De plus en plus d’États ont adopté ou prévoient d’adopter prochainement des lois dites «quotas» dont la loi Coppé-Zimmermman de 2011 est emblématique. Ainsi, en Allemagne, ou en Californie, qui a entamé cet été une action de nature législative qui devrait être adoptée sous peu, un mouvement se déploie, de nature législative mais aussi sous forme d’engagements de place comme au Royaume-Uni. La dynamique est évidente

L’effet de la loi est indéniable : à l’issue des AG de 2018, on compte 43,3% de femmes dans les conseils d’administration et de surveillance des sociétés du SBF120. La mixité des CA des grands groupes est donc réalisée. En revanche, dans les sociétés non soumises à la loi, le pourcentage a peu bougé avec un taux de 17%.
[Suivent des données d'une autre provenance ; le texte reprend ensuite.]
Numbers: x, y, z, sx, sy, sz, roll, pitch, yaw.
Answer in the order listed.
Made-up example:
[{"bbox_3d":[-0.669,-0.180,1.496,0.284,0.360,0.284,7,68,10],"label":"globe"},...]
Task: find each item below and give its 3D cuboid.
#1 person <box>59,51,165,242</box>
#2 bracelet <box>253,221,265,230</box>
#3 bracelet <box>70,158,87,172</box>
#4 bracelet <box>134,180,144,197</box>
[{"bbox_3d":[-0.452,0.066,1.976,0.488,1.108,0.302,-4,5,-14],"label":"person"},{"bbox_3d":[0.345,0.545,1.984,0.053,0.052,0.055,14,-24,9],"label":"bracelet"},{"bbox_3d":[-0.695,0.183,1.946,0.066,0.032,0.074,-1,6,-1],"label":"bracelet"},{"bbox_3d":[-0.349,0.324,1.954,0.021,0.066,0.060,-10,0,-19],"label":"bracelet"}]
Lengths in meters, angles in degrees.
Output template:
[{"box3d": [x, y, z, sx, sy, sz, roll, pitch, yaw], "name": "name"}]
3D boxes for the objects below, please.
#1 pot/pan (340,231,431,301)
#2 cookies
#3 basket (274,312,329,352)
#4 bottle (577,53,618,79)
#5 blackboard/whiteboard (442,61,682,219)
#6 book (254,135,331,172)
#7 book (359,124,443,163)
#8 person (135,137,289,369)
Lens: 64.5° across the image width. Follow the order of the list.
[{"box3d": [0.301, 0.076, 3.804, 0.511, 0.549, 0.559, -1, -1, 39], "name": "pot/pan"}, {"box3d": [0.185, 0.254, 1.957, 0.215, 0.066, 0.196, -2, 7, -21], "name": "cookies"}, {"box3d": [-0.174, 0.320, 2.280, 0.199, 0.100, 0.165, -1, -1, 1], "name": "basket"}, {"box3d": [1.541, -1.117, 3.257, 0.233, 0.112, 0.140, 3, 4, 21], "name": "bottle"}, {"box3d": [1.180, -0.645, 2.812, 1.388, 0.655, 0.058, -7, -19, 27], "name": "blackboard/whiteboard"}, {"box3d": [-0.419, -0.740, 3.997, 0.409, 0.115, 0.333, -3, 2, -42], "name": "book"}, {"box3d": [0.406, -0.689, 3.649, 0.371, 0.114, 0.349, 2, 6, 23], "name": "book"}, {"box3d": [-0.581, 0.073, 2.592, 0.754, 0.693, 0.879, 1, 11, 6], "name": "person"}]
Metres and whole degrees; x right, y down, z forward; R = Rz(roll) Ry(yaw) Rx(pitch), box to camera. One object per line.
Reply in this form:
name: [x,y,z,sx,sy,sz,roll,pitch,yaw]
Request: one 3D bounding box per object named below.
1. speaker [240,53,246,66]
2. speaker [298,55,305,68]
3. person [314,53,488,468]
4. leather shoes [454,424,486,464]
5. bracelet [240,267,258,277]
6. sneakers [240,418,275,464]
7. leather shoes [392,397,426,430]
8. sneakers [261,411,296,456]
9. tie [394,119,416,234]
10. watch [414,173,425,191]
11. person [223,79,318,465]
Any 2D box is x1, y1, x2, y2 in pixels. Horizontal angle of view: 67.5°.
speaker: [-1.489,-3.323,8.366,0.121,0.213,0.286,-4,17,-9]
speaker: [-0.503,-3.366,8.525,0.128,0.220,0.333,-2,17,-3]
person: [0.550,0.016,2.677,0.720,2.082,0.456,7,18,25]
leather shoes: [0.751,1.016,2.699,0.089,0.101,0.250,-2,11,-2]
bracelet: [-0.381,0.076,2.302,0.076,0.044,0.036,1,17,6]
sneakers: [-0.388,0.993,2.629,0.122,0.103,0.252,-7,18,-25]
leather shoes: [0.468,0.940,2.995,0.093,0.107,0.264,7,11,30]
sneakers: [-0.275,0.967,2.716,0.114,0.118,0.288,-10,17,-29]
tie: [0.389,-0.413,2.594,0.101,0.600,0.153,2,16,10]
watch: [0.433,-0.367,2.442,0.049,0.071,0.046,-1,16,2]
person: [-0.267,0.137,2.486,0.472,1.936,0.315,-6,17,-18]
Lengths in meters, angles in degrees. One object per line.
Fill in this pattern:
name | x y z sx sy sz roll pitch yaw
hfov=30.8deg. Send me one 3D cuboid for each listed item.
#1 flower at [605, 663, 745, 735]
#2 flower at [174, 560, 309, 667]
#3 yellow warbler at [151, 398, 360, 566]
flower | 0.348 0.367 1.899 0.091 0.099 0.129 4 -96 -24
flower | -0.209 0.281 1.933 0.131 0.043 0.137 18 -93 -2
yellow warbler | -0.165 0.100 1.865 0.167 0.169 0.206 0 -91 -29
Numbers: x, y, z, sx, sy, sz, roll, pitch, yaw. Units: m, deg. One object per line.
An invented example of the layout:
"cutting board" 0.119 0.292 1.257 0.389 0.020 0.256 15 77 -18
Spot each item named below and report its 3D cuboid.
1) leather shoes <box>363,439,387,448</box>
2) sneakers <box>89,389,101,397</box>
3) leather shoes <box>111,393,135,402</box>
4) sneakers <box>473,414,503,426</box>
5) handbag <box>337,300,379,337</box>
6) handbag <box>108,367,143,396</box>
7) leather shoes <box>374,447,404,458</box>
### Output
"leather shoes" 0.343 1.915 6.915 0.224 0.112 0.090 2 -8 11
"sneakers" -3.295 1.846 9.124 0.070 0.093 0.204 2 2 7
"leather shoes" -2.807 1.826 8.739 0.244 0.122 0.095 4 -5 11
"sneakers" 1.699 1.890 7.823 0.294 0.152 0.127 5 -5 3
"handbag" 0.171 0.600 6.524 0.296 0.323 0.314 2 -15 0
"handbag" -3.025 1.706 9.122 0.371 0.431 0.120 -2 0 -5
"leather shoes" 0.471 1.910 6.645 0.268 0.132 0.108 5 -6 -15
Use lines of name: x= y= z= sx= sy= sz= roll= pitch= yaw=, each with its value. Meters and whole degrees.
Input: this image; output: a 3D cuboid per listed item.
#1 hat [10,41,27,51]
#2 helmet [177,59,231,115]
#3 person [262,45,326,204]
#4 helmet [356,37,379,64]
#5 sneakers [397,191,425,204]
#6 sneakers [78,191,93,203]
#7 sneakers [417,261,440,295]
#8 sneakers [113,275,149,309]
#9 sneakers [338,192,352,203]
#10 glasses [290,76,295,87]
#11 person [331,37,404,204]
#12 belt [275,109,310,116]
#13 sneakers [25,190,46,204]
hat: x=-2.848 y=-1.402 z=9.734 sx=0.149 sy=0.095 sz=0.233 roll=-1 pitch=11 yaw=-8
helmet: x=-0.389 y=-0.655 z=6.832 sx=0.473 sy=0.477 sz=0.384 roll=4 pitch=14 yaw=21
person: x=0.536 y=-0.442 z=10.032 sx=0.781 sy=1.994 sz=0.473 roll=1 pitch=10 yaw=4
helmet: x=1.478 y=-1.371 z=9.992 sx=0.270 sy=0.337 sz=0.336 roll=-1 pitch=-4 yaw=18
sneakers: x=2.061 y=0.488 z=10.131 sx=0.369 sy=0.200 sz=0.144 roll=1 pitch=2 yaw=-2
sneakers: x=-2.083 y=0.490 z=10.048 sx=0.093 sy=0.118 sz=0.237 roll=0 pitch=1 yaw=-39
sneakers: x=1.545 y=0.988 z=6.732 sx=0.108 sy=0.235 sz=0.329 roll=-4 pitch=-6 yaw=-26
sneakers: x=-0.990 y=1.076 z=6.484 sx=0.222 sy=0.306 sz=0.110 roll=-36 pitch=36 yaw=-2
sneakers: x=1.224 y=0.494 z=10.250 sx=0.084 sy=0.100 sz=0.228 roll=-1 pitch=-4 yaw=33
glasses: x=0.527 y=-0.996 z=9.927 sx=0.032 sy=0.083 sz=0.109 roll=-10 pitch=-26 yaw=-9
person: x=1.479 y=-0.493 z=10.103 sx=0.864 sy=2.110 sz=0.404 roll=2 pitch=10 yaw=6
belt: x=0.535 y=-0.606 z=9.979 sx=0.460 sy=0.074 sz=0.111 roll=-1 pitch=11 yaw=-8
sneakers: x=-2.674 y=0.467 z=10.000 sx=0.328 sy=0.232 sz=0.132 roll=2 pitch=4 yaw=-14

Les incomplétudes ou limites

Ainsi, un 1er bémol est à émettre, car ces évolutions notables se révèlent insuffisantes pour atteindre le quota sur le périmètre d’après. Hors cote, les données approximatives laissent à penser que le quota n’est pas atteint, et la perspective de l’extension du périmètre aux entreprises de 250 salariés pour 2020 (Loi Vallaud-Belkacem) ne semble pas encore préparée.

Le second bémol concerne l’influence relative des administratrices nommées. Elle est à mesurer objectivement en fonction du nombre de présidences dans les comités, etc. ; le reste demeurant affaire de personnalité et de réseau mais difficilement mesurable, même si certains tentent d’approcher la notion de réseau d’influence[1]. On lit souvent à ce sujet que les femmes étaient discriminées. J’ai un avis différent, il semble logique qu’une nouvelle nommée au même titre qu’un nouveau nommé, excepté s’il est (elle est) DG ou très expérimenté/e fasse ses classes au sein du conseil avant de prendre des responsabilités supplémentaires au sein d’un comité. Les dernières évolutions mesurées notamment par Ethics and Boards ou Gouvernance & Structures et tout spécialement Deloitte[2] semblent rassurantes : « Pour les sociétés du SBF 120, le taux médian de participation des femmes aux comités spécialisés du conseil est de 39%, identique à leur représentation au sein du conseil (39%). En revanche, le taux de présidence féminine d’un comité spécialisé est de 33%, inférieur à leur taux de participation au conseil, mais en hausse significative… et plus importante pour les comités d’audit (44%), RSE (61%), éthique (75%) et risques (50%) ».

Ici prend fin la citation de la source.